Perfetto SPAN_JOIN and LEAD Explained

Perfetto and the SQL processing built into trace_processor are both fantastic, but two of the most important parts of that SQL processing are not well documented, at least for my simple brain.

The first feature is SPAN_JOIN which is described as:

Span join is a custom operator table which computes the intersection of spans of time from two tables or views.

There is a nice diagram showing how the spans are combined:

Spans are combined into multiple minimal spans formed of their intersecting
times.

But the part of the missing documentation here is the definition a span, which is a row in a table that has both ’ts’ and ‘dur’ columns, where ’ts’ is a timestamp, and ‘dur’ is the size of that span in the same units as ’ts’.

Now if you have two tables (or views on a tables) that have ’ts’ and ‘dur’ columns you can use SPAN_JOIN to create a new view that has all the intersecting spans.

For example, let’s look at one unit test from SPAN_JOIN:

If we have table f with the following values:

ts	dur	f_val
100	10	44444
110	50	55555
160	10	44444

And table s with the following values:

ts	dur	s_val
100	5	11111
105	5	22222
110	60	33333

Then if we SPAN_JOIN them together via:

CREATE VIRTUAL TABLE sp USING span_join(f, s);

The we’ll get the following values for view sp:

ts	dur	f_val	s_val
100	5	44444	11111
105	5	44444	22222
110	50	55555	33333
160	10	44444	33333

But there are more than slices stored in Perfetto tables, what are we to with tables that are simply timestamped measurements?

That’s where the second feature comes in, SQLite LEAD, which allows you read values from the next row in the table.

To see this in action let’s say we had this table f:

ts	f_val
100	44444
110	55555
160	44444
200	66666

We can create a dur column in a view using LEAD:

CREATE TABLE f (ts BIG INT PRIMARY KEY, f_val BIG INT);

INSERT INTO
    f
VALUES
    (100, 44444),
    (110, 55555),
    (160, 44444),
    (200, 66666);

CREATE VIEW f_slices AS
SELECT
    ts,
    f_val,
    LEAD(ts) OVER (
        ORDER BY
            ts
    ) - ts as dur
FROM
    f;

SELECT
    *
FROM
    f_slices;

Running the above will generate the following table for the f_slices view:

ts	f_val	dur
100	44444	10
110	55555	50
160	44444	40
200	66666	[NULL]

And now since it has both ts and dur columns it can be used as a input to SPAN_JOIN.

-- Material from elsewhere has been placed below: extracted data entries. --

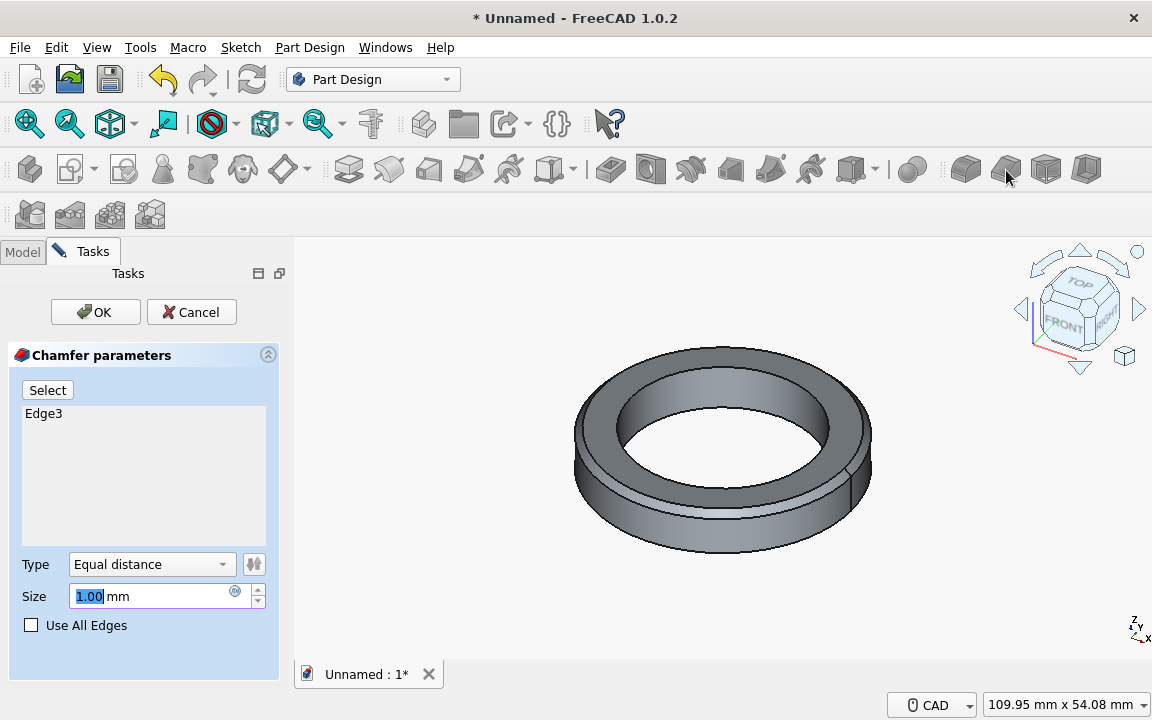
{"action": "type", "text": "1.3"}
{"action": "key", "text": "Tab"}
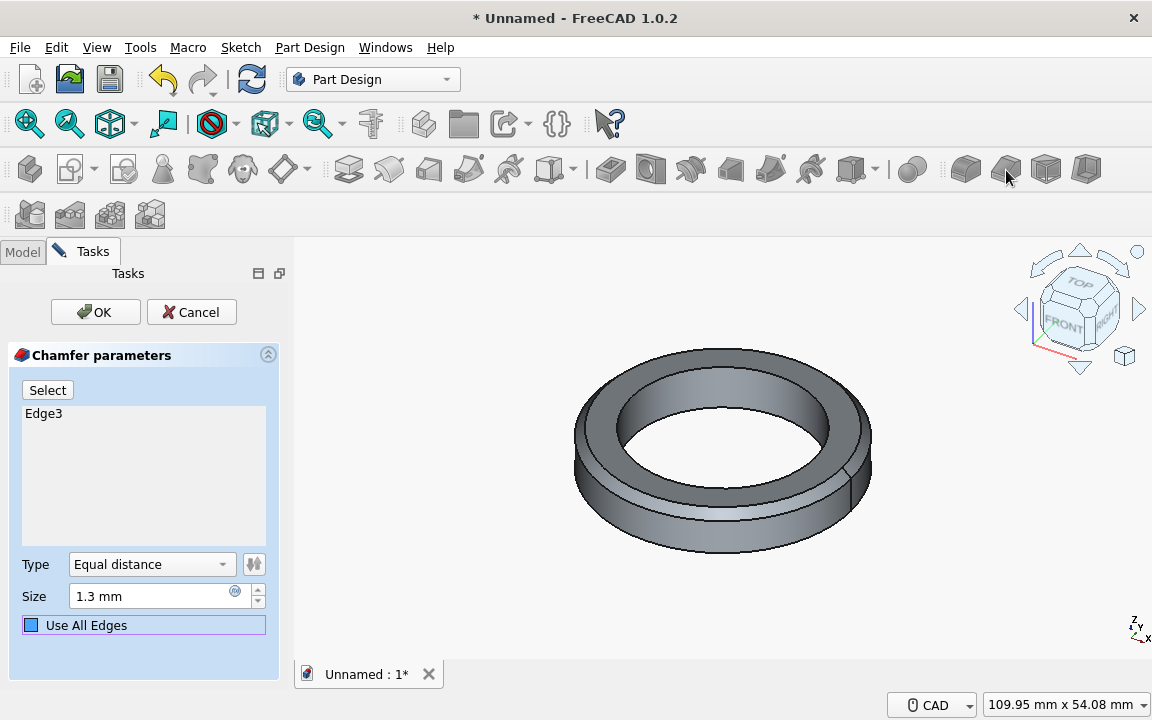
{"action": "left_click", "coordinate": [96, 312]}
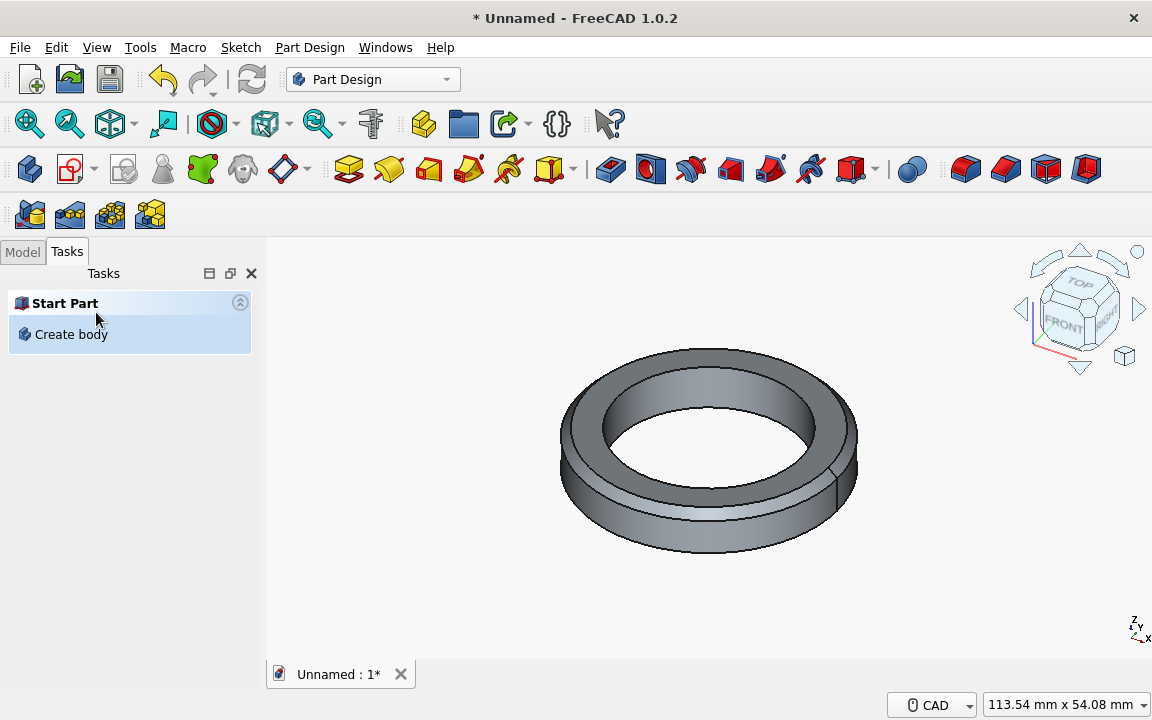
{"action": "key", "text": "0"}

One thing to note here is that the very last row has NULL for its duration, since there is no following row to compare against. You might need to filter out rows with NULL values depending later calculations.

There are plenty of other options for SPAN_JOIN and LEAD, but hopefully with this intro those explanations will make more sense.